[EXERCISE MATERIAL — start]
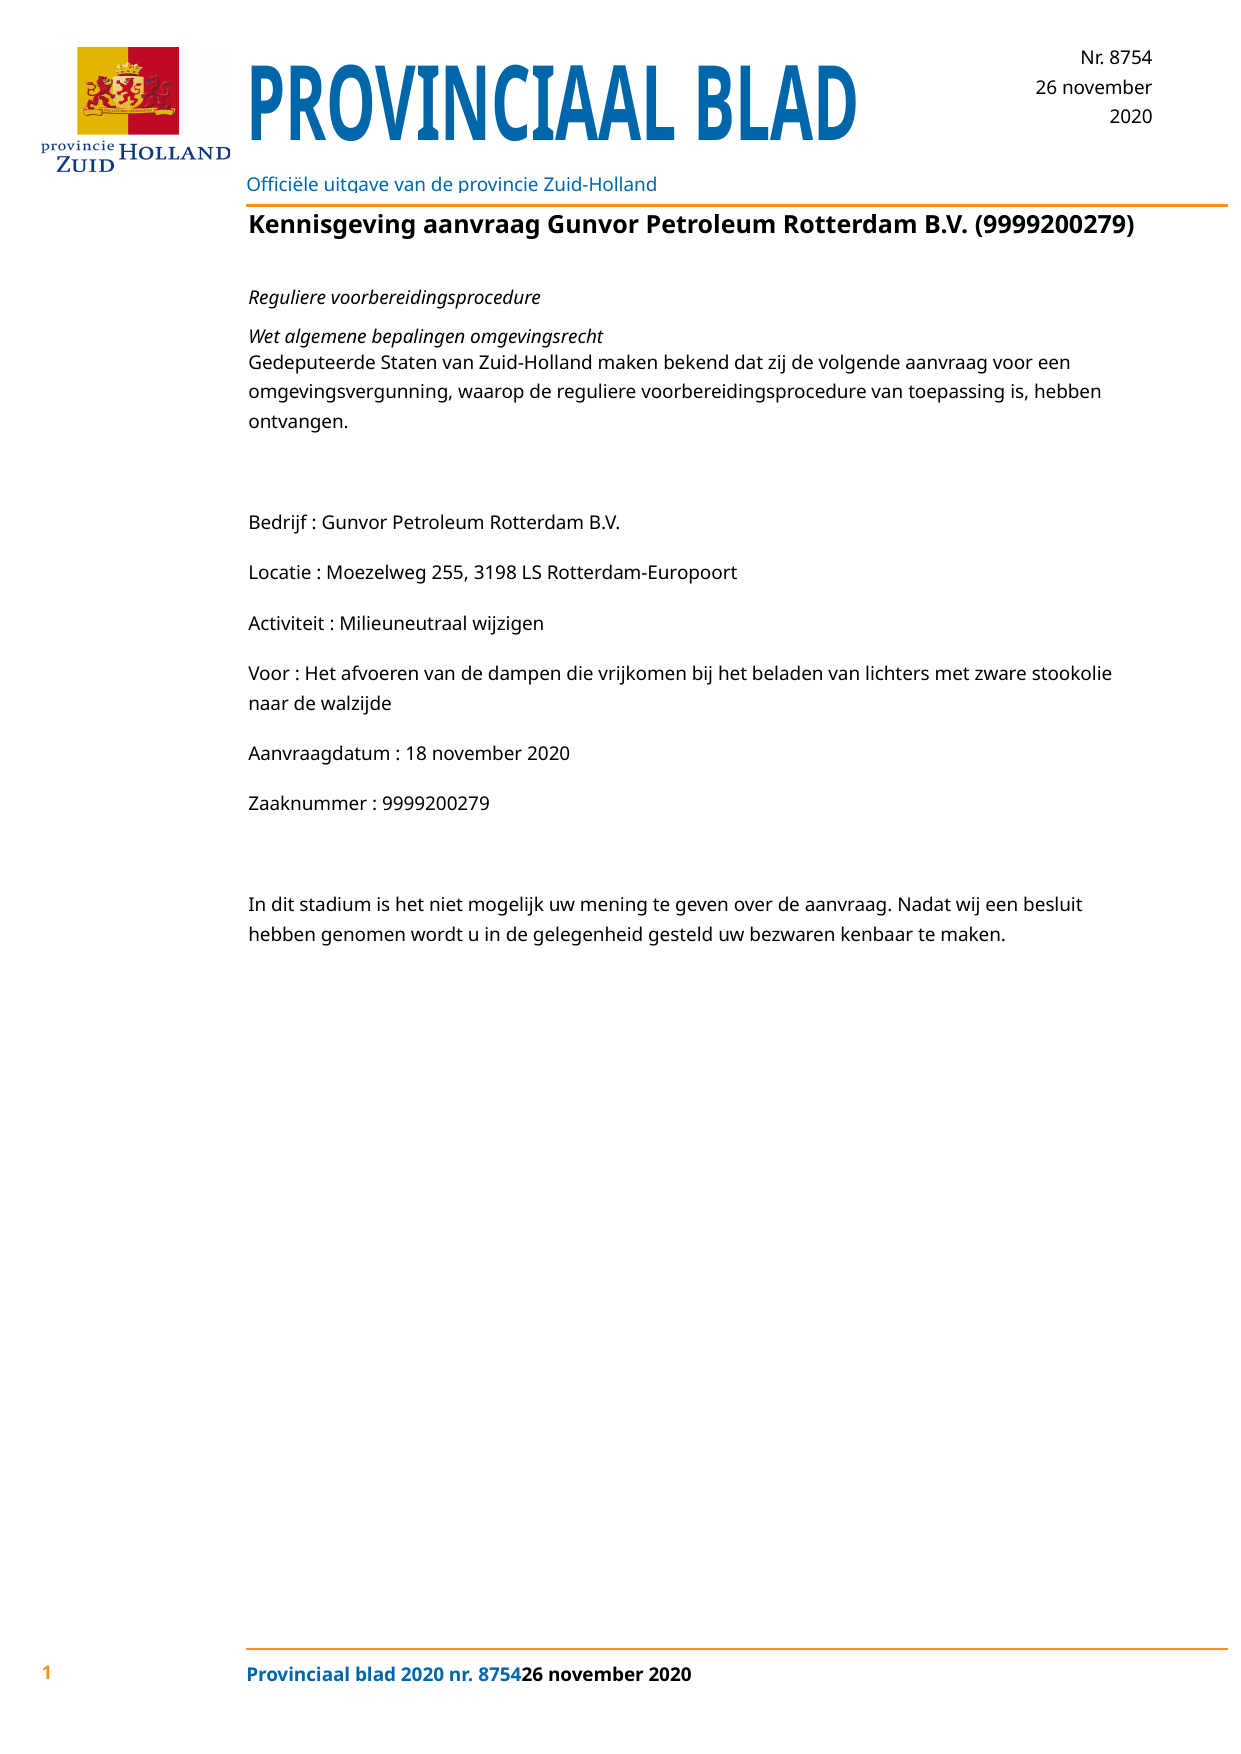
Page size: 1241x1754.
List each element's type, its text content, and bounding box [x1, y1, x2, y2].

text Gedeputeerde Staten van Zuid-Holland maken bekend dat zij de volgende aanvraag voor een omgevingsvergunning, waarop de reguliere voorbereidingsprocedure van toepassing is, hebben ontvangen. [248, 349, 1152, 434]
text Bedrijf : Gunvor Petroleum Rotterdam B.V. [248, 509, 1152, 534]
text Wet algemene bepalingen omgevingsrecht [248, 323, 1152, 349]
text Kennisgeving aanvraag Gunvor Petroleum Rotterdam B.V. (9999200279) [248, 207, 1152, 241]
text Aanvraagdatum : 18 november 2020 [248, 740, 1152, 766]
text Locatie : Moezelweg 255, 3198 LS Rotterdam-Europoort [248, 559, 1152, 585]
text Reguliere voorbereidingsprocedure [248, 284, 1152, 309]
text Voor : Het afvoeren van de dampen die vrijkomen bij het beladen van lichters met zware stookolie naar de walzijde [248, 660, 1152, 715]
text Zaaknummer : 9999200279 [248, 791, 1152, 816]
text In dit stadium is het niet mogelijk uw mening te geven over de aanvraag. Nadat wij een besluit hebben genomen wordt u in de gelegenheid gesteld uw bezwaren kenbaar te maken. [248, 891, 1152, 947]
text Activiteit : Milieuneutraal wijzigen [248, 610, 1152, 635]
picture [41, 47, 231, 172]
[EXERCISE MATERIAL — finish]
[EXERCISE MATERIAL — start]
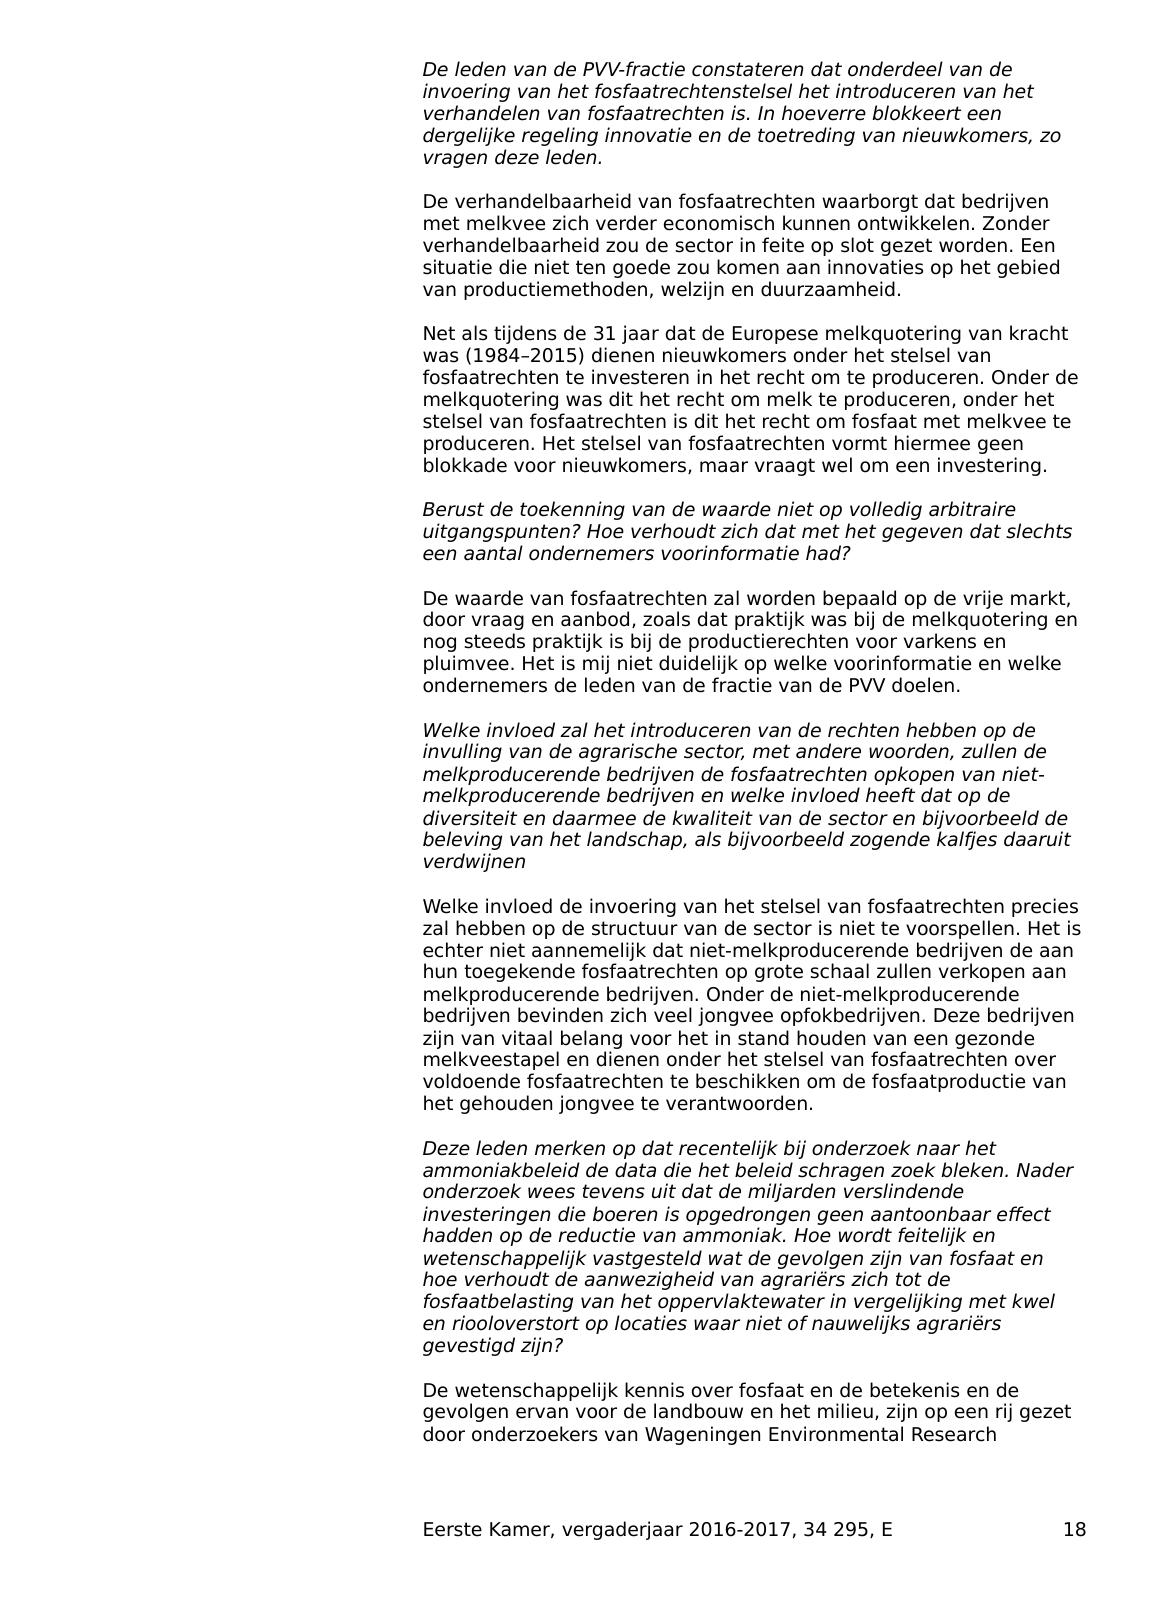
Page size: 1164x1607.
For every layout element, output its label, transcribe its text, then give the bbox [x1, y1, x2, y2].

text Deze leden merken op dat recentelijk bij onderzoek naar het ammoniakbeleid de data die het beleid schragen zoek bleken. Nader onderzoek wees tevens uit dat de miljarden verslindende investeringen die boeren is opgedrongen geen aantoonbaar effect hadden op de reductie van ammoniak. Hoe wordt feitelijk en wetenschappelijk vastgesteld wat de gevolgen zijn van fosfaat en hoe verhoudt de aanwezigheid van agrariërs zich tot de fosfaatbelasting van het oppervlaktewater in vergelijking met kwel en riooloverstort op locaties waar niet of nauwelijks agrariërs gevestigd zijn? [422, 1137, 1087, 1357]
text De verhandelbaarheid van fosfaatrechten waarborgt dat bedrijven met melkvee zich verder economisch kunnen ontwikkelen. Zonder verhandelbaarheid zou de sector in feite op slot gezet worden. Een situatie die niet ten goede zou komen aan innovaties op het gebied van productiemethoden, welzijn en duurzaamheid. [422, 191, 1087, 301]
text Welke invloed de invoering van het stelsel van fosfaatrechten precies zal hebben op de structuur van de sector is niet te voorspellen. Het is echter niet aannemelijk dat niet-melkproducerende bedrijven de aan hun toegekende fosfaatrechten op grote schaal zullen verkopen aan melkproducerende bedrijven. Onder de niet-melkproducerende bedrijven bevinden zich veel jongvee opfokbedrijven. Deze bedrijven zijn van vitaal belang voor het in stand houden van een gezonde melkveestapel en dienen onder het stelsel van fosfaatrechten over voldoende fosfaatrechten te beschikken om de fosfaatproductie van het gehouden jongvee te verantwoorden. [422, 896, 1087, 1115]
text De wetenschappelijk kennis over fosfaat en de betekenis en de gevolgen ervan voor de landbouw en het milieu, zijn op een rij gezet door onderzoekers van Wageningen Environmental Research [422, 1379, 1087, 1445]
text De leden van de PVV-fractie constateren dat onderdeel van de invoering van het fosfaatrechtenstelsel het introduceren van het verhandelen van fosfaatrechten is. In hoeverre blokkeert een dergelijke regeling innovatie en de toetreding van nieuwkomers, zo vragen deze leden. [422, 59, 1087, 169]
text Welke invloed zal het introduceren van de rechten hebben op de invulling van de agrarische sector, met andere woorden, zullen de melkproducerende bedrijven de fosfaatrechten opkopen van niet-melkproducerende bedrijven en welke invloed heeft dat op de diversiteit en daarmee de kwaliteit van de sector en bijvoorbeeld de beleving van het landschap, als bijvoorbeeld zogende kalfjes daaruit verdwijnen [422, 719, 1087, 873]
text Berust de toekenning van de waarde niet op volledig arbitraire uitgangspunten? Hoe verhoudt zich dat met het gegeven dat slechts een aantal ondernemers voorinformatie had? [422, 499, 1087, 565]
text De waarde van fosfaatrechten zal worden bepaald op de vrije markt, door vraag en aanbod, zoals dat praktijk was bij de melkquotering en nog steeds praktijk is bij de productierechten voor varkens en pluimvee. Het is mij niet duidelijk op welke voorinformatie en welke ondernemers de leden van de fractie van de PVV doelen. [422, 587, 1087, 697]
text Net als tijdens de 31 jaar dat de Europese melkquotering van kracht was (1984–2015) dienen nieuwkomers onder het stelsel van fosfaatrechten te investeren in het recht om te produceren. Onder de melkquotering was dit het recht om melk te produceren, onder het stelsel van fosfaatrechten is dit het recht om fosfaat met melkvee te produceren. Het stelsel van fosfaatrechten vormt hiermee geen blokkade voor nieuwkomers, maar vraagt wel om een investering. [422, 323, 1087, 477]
[EXERCISE MATERIAL — finish]
Would you print, exactly as written, every line above from the one holding "Page size: 1164x1607." through the one holding "For every layout", with both included and no other lines?

Page size: 1164x1607.
For every layout element, output its label, transcribe its text, then give the bbox [x1, y1, x2, y2].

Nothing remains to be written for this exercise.